-- What the exercise asks --
Your answer must be an exact copy of the records below, with every picture left out.

(Records from a data source)

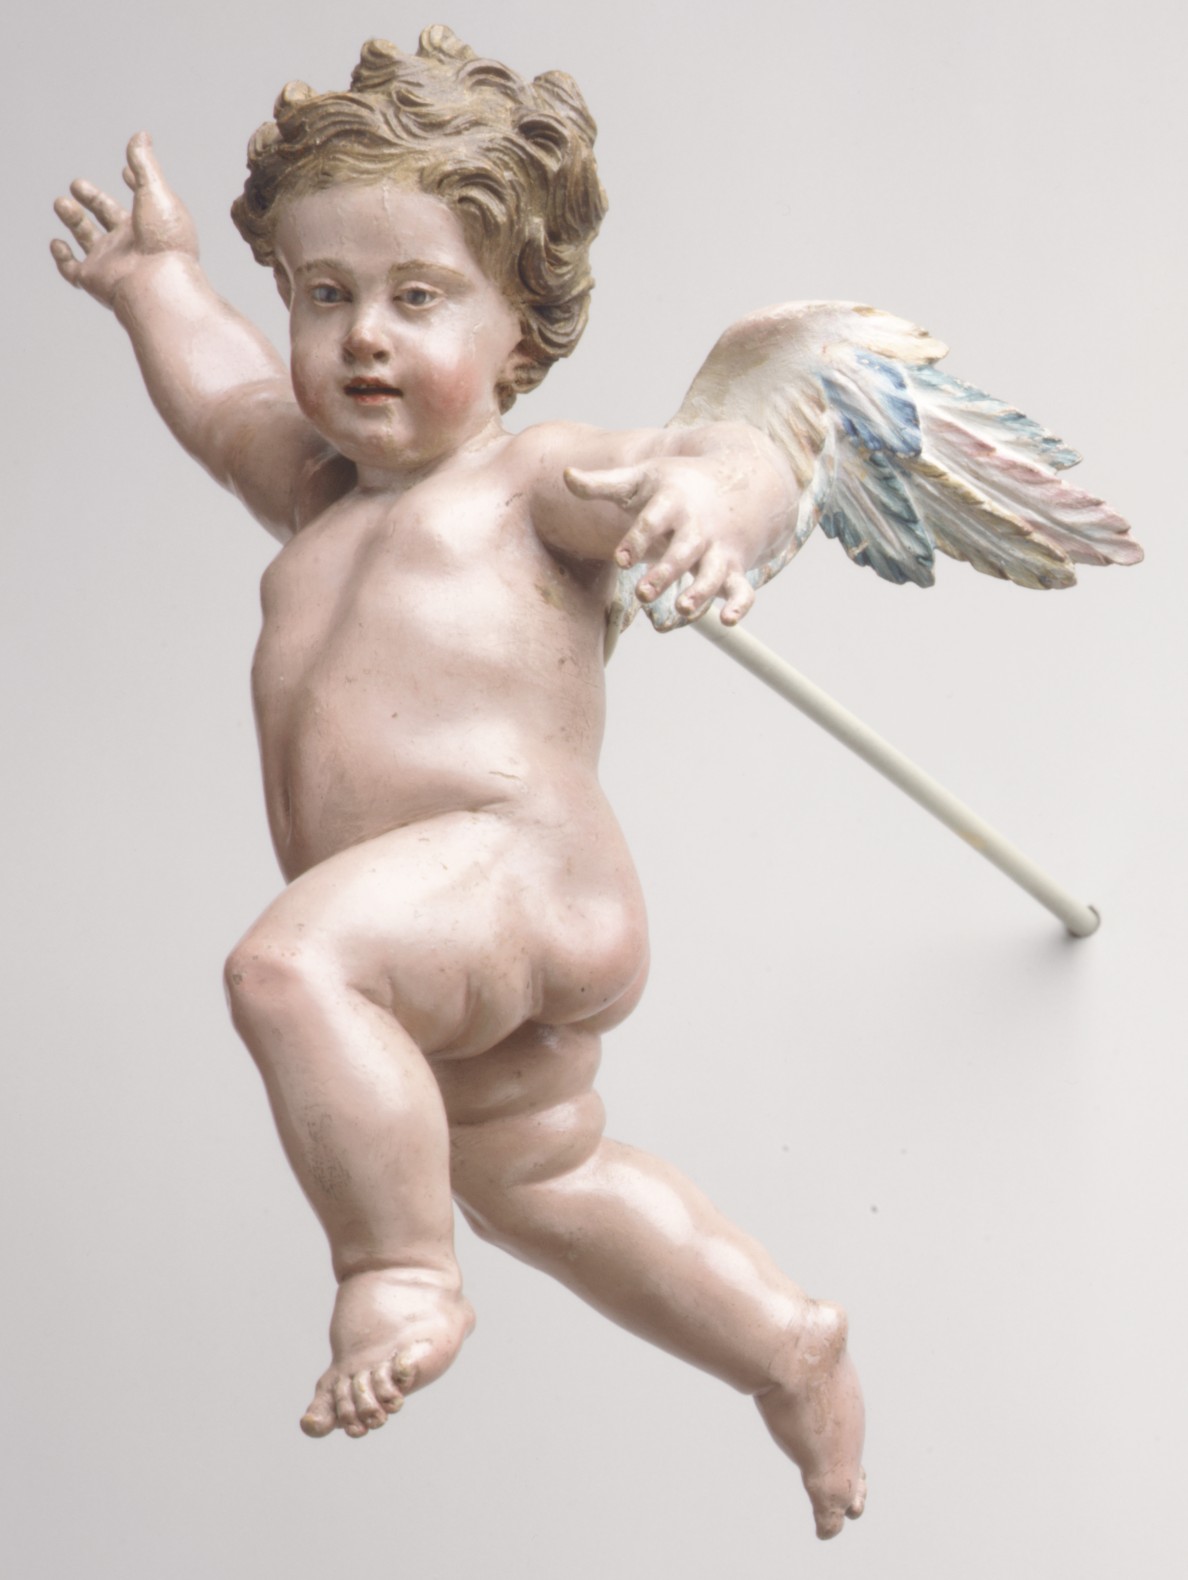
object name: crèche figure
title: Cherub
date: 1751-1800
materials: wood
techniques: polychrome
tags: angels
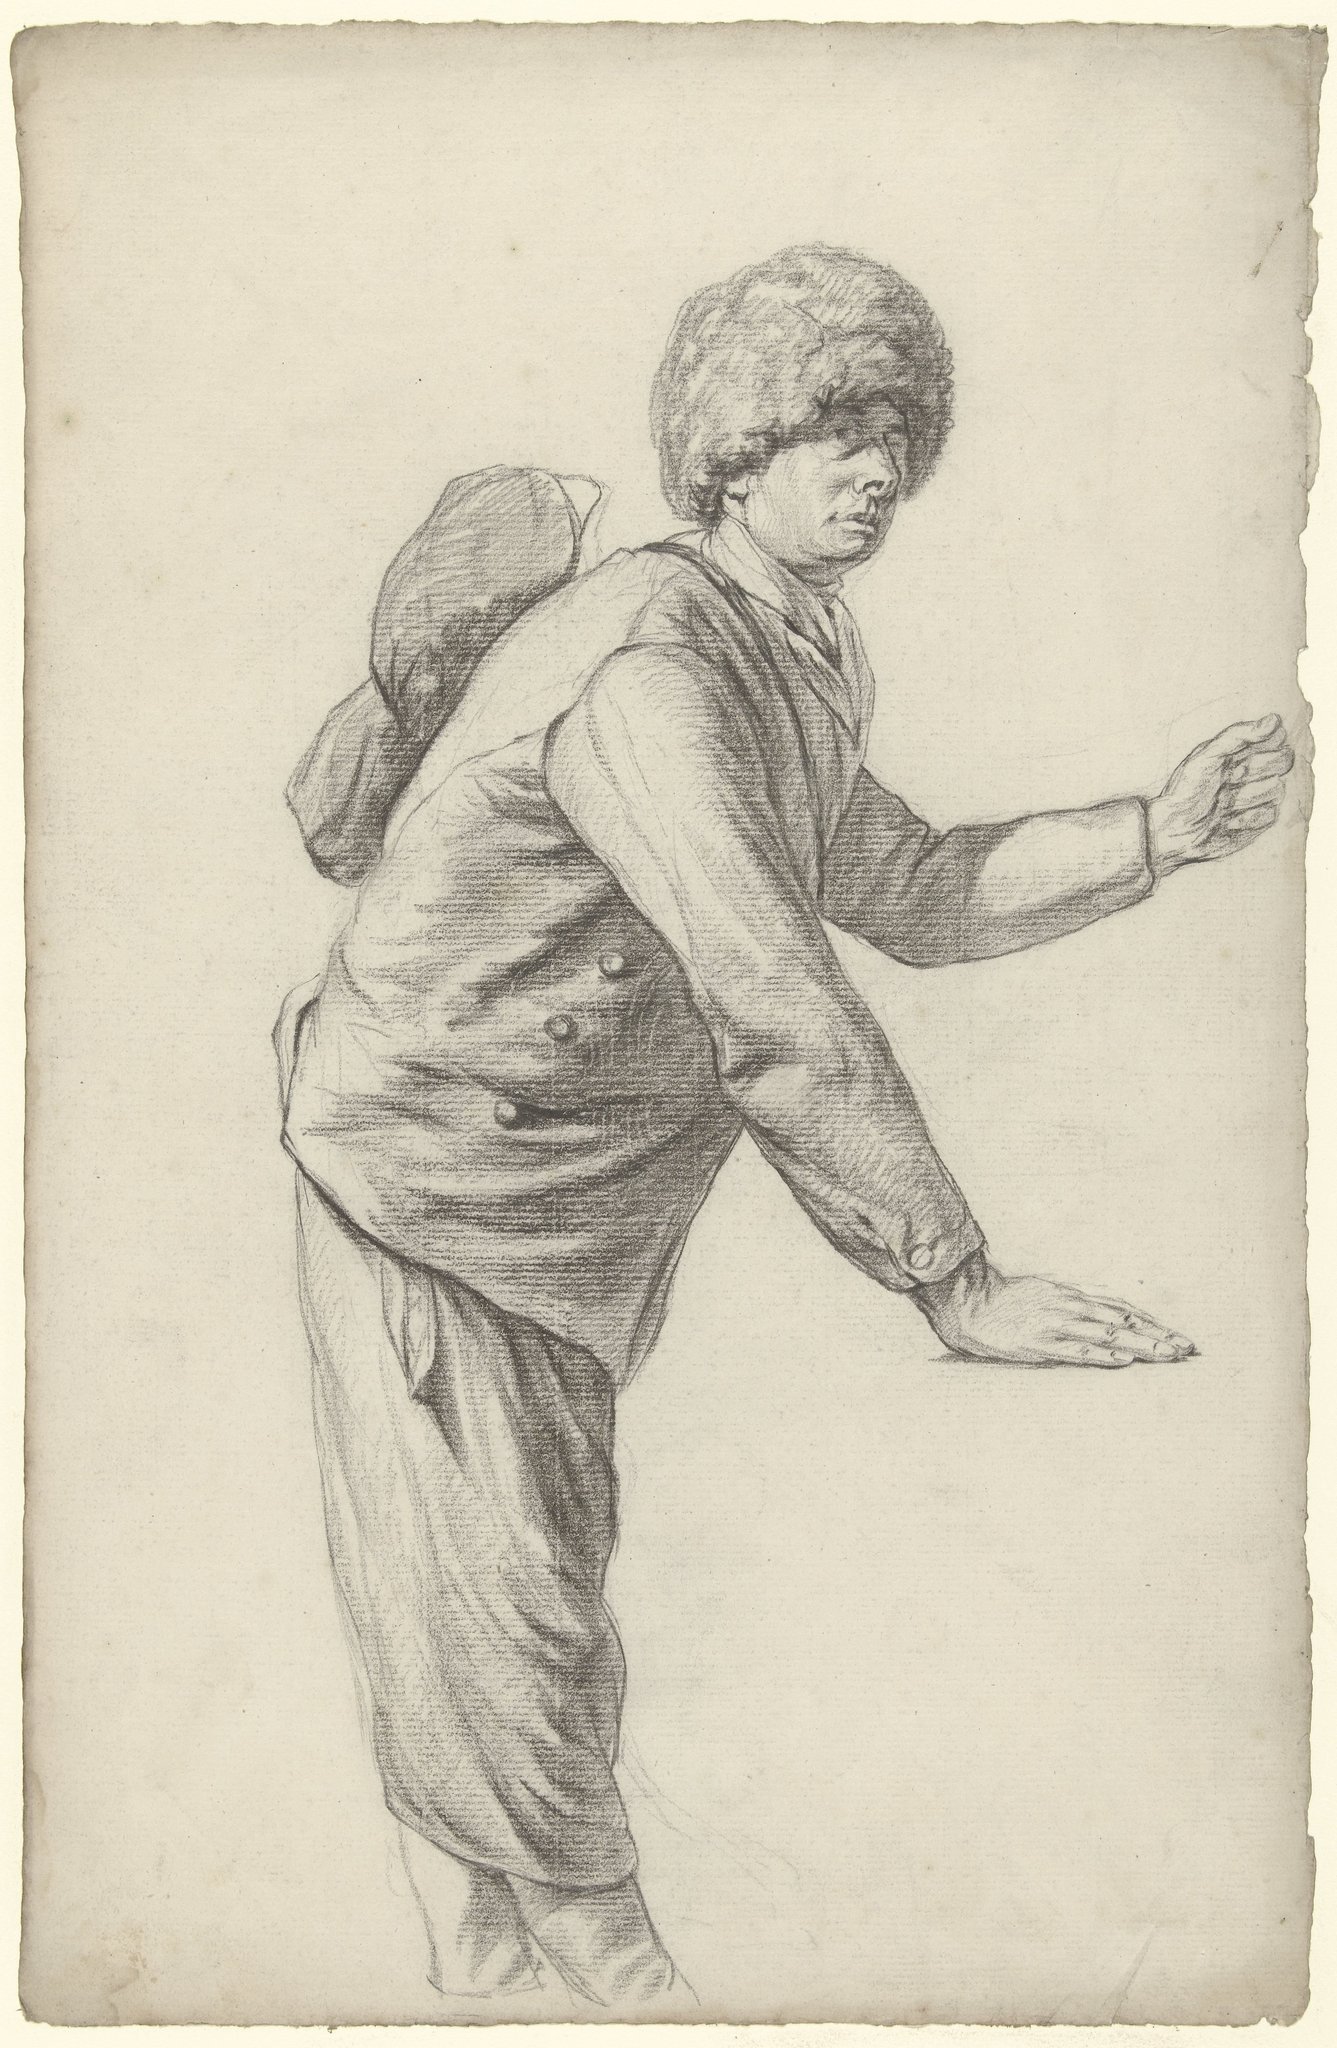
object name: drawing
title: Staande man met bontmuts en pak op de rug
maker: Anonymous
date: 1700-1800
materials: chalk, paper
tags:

-- Your response --
object name: crèche figure
title: Cherub
date: 1751-1800
materials: wood
techniques: polychrome
tags: angels
object name: drawing
title: Staande man met bontmuts en pak op de rug
maker: Anonymous
date: 1700-1800
materials: chalk, paper
tags:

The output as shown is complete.